A community hub for the last three decades, The Gowanus Arts Building at 295 Douglass Street between Third and Fourth avenues is getting a big, beautiful makeover that will see its third-floor theater moved to the ground floor and a garden pop up on its roof. The renovation is being executed by the Civic Architecture Workshop. Contractors aim to start work June 1 on a $1.5 million remodeling, and the project is expected to take around six months. Some artists who rent space in the building will be displaced during the renovation, but will be welcome to return upon the work’s completion.
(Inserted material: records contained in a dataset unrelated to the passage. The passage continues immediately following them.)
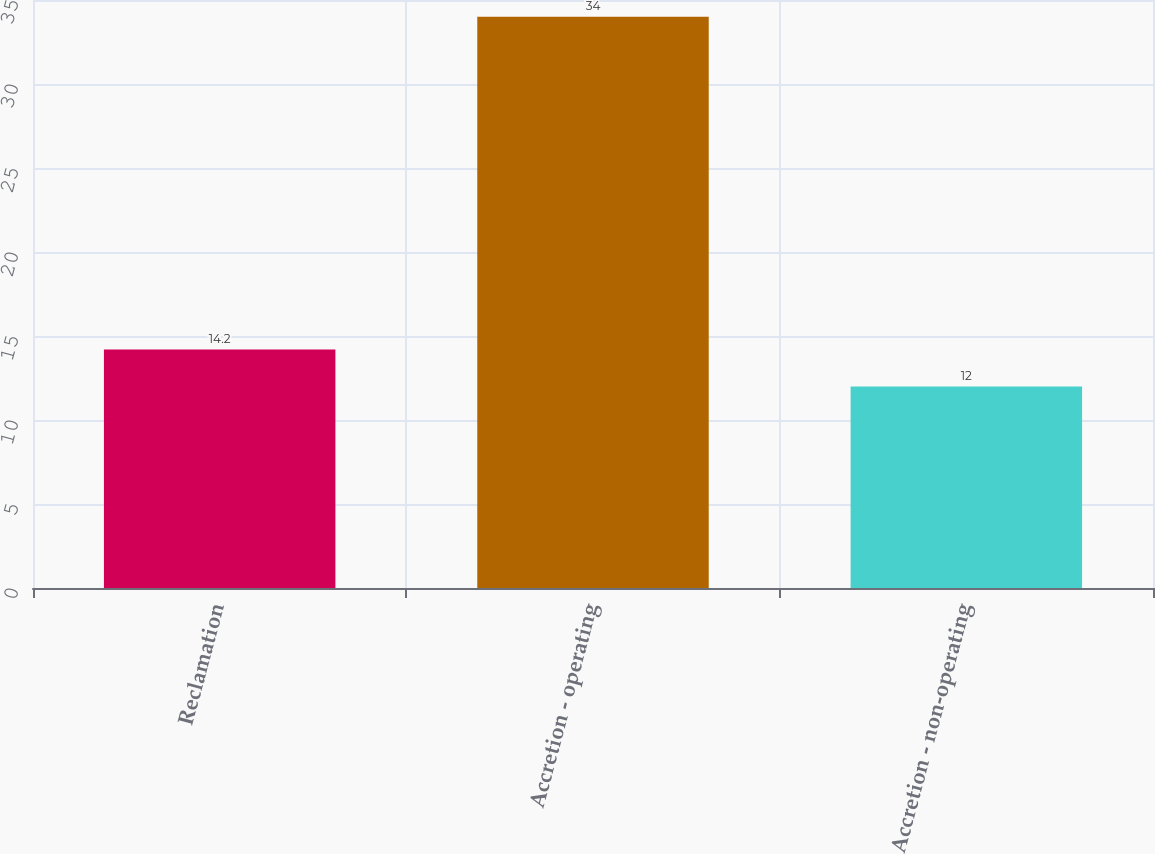Convert chart. <chart><loc_0><loc_0><loc_500><loc_500><bar_chart><fcel>Reclamation<fcel>Accretion - operating<fcel>Accretion - non-operating<nl><fcel>14.2<fcel>34<fcel>12<nl></chart> 
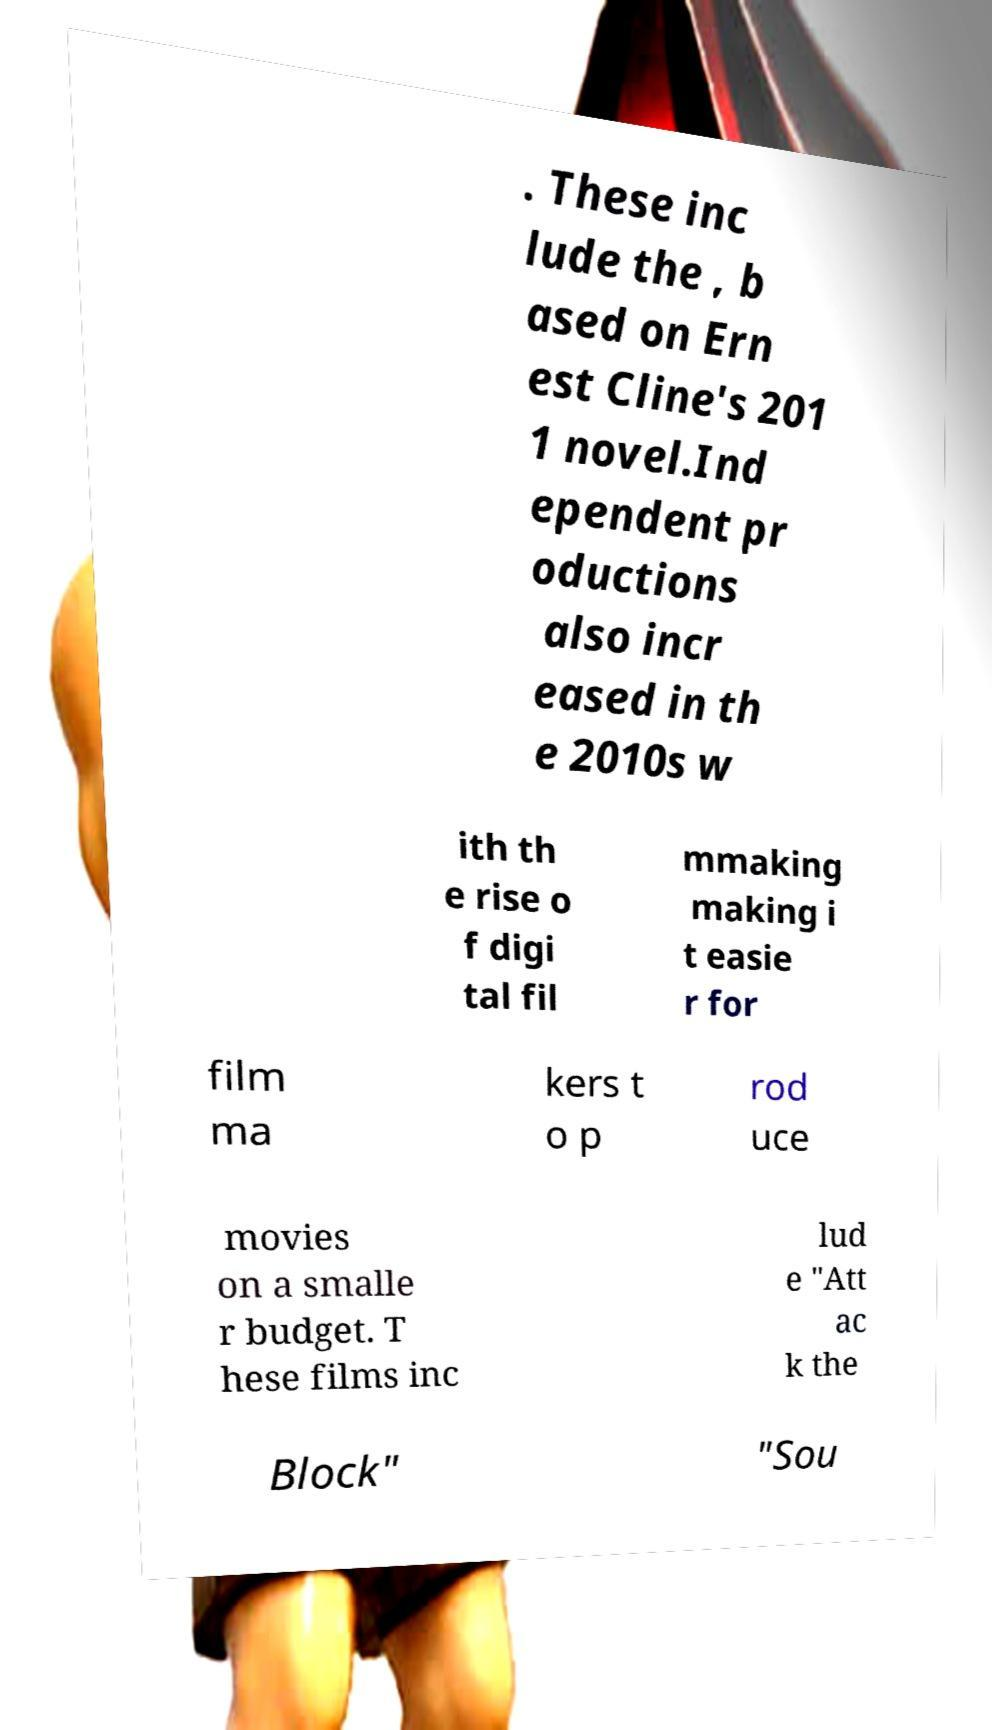For documentation purposes, I need the text within this image transcribed. Could you provide that? . These inc lude the , b ased on Ern est Cline's 201 1 novel.Ind ependent pr oductions also incr eased in th e 2010s w ith th e rise o f digi tal fil mmaking making i t easie r for film ma kers t o p rod uce movies on a smalle r budget. T hese films inc lud e "Att ac k the Block" "Sou 
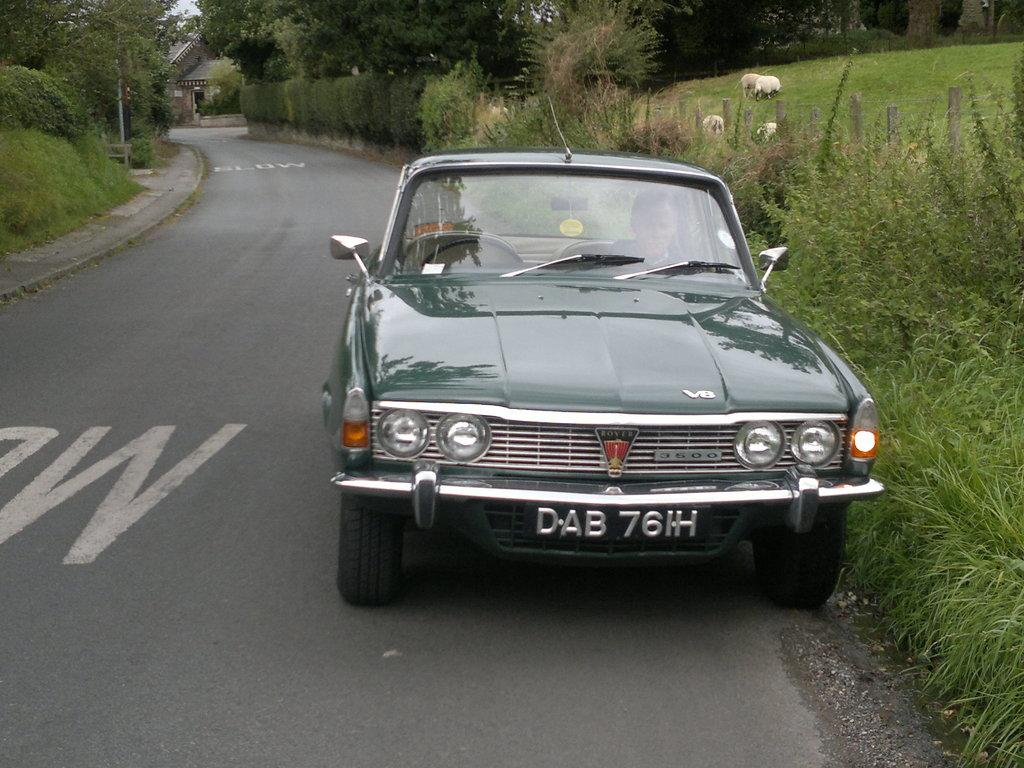What type of vehicle is in the image? There is a green car in the image. What can be seen in the background of the image? There is a house and green trees in the background of the image. What is the color of the sky in the image? The sky appears to be white in the image. Are there any shoes visible in the image? There are no shoes present in the image. Does the existence of the green car in the image prove the existence of extraterrestrial life? The existence of the green car in the image does not prove the existence of extraterrestrial life, as the car is a terrestrial vehicle.

Currently, the third-story theater is not ADA compliant because it is accessible only by stairs. The theater’s move to the ground floor will remedy that, and it will allow for the theater to expand and offer retractable seating. The theater then can be configured for a variety of uses and performances. Windows will be enlarged on the ground floor as well, allowing pedestrians a chance to see the theater and the adjacent art gallery, which will also be shifted to that level from an upper floor.
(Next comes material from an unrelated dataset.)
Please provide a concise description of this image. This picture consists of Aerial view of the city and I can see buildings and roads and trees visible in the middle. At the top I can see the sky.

The new rooftop farm will be designed by Brooklyn Grange. It will be built in part with money granted from the city’s Department of Environmental Protection. Vegetables will grow on the “Gowanus Sky Farm” — as it’s been dubbed — and the area will also host educational programs for students.
According to a press release, architect Severn Clay-Youman of Civic Architecture Workshop said, “The owners of the Gowanus Arts Building hope to create a local community center which champions community, sustainability, diversity and health through art.”
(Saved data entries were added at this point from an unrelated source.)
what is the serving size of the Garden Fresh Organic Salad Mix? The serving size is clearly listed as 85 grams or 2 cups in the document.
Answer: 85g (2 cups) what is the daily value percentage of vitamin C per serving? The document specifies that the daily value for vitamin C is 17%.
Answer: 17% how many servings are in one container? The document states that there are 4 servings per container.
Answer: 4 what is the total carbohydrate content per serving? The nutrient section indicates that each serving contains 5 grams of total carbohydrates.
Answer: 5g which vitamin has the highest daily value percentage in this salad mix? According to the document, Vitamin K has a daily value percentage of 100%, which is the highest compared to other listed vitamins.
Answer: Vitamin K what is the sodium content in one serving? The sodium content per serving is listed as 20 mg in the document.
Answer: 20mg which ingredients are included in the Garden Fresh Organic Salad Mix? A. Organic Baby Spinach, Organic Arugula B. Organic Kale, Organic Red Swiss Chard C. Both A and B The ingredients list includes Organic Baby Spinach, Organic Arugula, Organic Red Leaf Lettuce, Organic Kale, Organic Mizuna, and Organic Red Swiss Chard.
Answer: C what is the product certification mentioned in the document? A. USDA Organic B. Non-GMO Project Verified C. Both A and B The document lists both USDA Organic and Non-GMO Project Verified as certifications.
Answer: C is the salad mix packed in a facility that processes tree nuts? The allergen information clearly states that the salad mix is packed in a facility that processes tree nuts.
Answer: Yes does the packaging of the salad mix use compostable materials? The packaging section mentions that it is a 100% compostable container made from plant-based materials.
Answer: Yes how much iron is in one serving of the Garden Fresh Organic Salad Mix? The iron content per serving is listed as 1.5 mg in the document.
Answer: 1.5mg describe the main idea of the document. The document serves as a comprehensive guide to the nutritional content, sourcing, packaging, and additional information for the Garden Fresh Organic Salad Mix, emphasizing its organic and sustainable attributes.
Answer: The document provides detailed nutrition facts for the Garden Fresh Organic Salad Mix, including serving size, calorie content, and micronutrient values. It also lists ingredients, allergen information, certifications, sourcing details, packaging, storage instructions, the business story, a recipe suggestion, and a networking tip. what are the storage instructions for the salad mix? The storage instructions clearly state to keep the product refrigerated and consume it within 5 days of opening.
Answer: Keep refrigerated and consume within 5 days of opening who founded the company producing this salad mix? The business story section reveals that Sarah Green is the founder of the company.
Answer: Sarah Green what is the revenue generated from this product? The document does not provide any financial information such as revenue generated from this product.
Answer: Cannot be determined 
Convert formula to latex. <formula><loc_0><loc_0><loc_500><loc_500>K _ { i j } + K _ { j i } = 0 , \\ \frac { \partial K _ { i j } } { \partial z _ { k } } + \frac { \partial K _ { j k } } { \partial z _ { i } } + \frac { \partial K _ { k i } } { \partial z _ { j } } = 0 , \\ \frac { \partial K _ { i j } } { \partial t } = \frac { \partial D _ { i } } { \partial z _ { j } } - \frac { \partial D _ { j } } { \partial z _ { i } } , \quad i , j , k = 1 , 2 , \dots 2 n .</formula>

Youman-Clay, who worked in theatrical design before becoming an architect, says, “The interesting thing to watch has been how the arts organizations in the neighborhood are very much supported by their educational activities now. … This little area – with Spoke the Hub, Brooklyn Boulders, the Brooklyn Music Factory – has become sort of a nexus of the Park Slope child-industrial complex. It’s an interesting turn for the arts down here toward education and community outreach.”